Learning How to Think as a Gameplay Designer
Ultimately, an engaging game is a combination of the gameplay experience the game designer wants to create and the technical knowledge needed to execute on it. You can’t have one without the other.
However, obsessing over the details of game engines is no more game design than obsessing over the choice between acrylic or watercolor paints is art.
As part of a video game development team, your job as a gameplay designer is to deliver the game concept through the lens of interaction.
This might involve thinking about level design, different weapon options, or even how destructible objects could add to an engaging experience.
But ultimately it’s about all of these elements coming together.
You’re not just making a cool gameplay moment; you’re working with system designers, level designers, and game artists to make the overall game deliver on the fantasy you’re promising.

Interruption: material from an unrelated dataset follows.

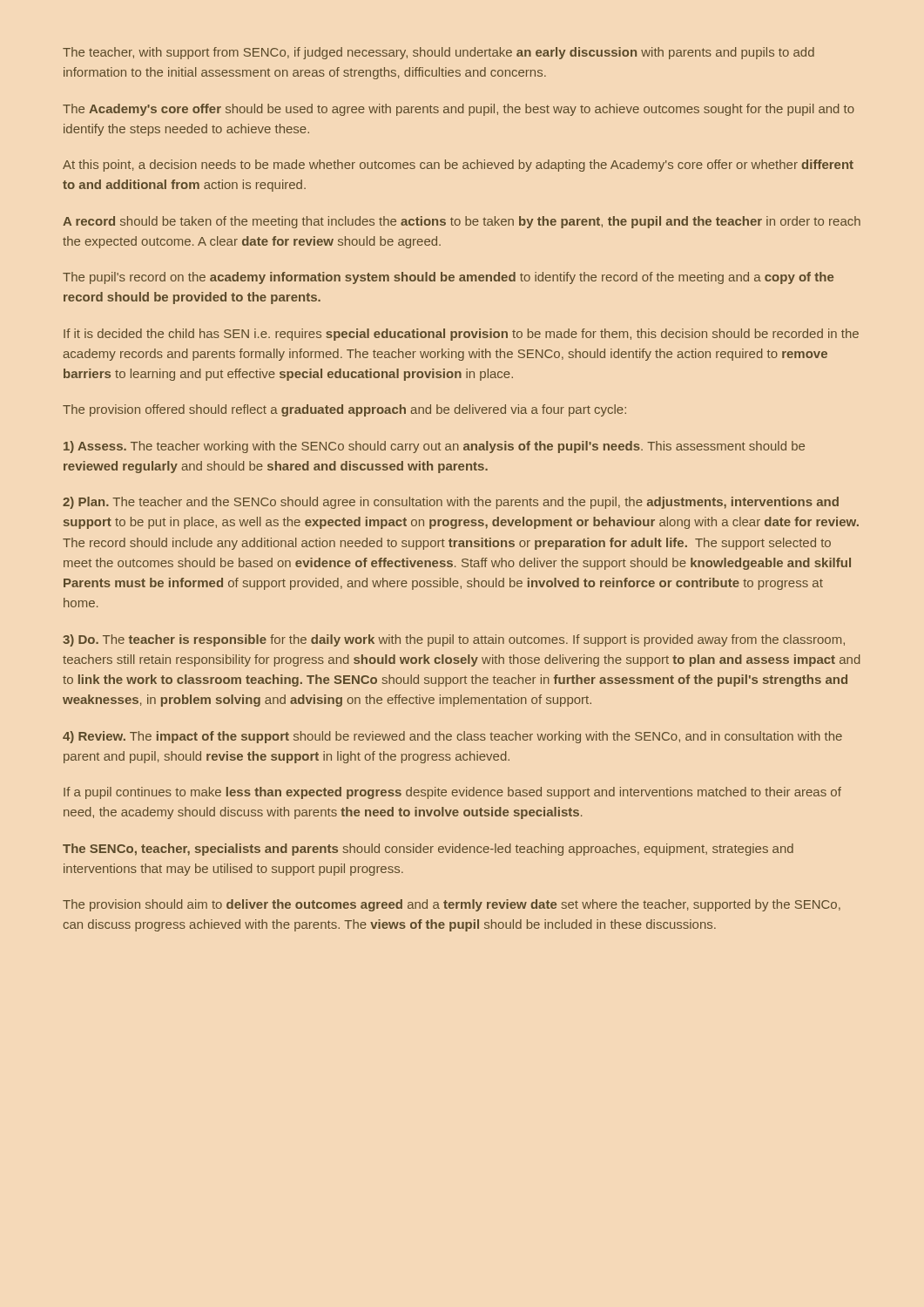Find the list item that says "2) Plan. The teacher and the SENCo"

coord(461,552)

You’re not making one cool monster fight; you’re deciding whether introducing a new creature type here makes sense for the overall game progression.
You’re not scripting one cool moment; you’re working with technical designers to ensure the gameplay systems have all the knobs you need to enable many different cool moments.
If the gaming industry and games companies are thinking about marketability, return on investment, and broad appeal at the highest level, in gameplay design you’re thinking about these game details at the lowest level.
As a result, you need to have an extremely broad set of game experience. Play many video games, break them down, and take the time to really understand how everything you build impacts level design, gameplay systems and the player’s emotional experience.
Gameplay design is probably the most competitive design role in the games industry, and it takes an incredible level of dedication and attention to detail to deliver effectively.